Y ahora llegamos al último aspecto: bajo la guía del Espíritu Santo. Al Espíritu, que descenderá sobre vosotros, es importante darle siempre la primacía. Si esto sucede, vuestra vida, como fue para los Apóstoles, estará orientada al Señor y por el Señor, y vosotros seréis verdaderamente “hombres de Dios”. De lo contrario, cuando se cuenta con las propias fuerzas, se corre el riesgo de encontrarse con un puñado de moscas en la mano. La vida bajo la guía del Espíritu: significa pasar de la unción de la ordenación a una “unción diaria”. Y Jesús derrama sobre nosotros la unción del Espíritu cuando estamos en su presencia, cuando lo adoramos, cuando estamos íntimos a su Palabra. Estar con Él, permanecer con Él (cf. Jn 15), además, nos permite también interceder ante Él por el Santo Pueblo de Dios, por la humanidad, por las personas que se encuentran cada día.
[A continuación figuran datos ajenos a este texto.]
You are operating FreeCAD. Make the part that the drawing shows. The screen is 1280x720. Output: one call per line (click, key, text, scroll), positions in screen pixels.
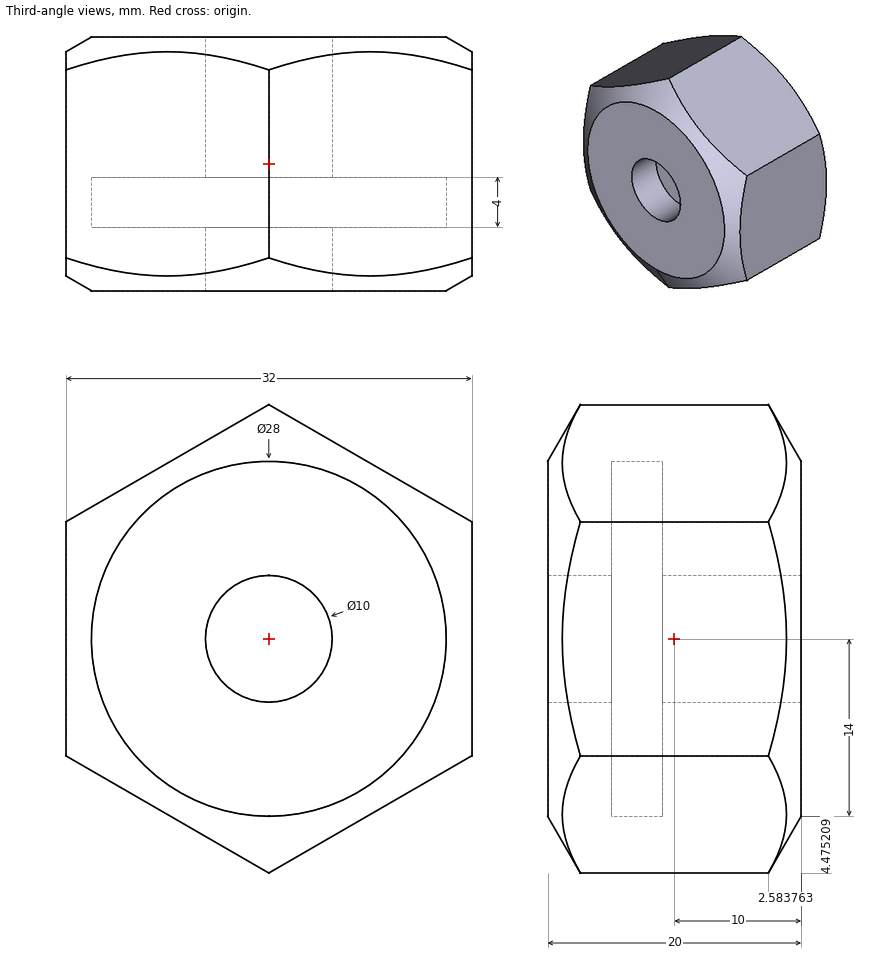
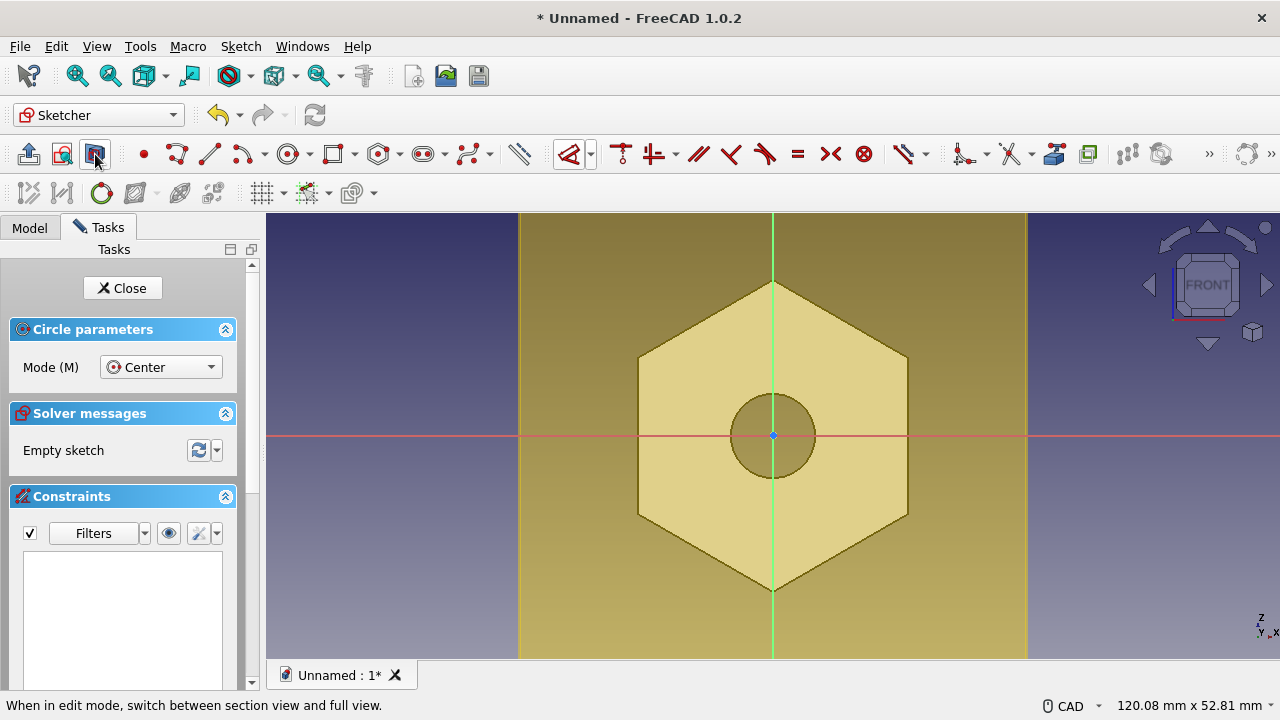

Así, un corazón que saca su alegría del Señor y fecunda de oración las relaciones, no pierde de vista la belleza atemporal de la vida sacerdotal.
Esto os deseo, queridos hermanos, agradeciéndoos vuestro «sí» a Dios y pidiéndoos, por favor, que recéis todos los días por mí.
__________________________________________
L'Osservatore Romano, Edición semanal en lengua española, Año LXI, número 9, Viernes, 1 de marzo de 2023, p. 8.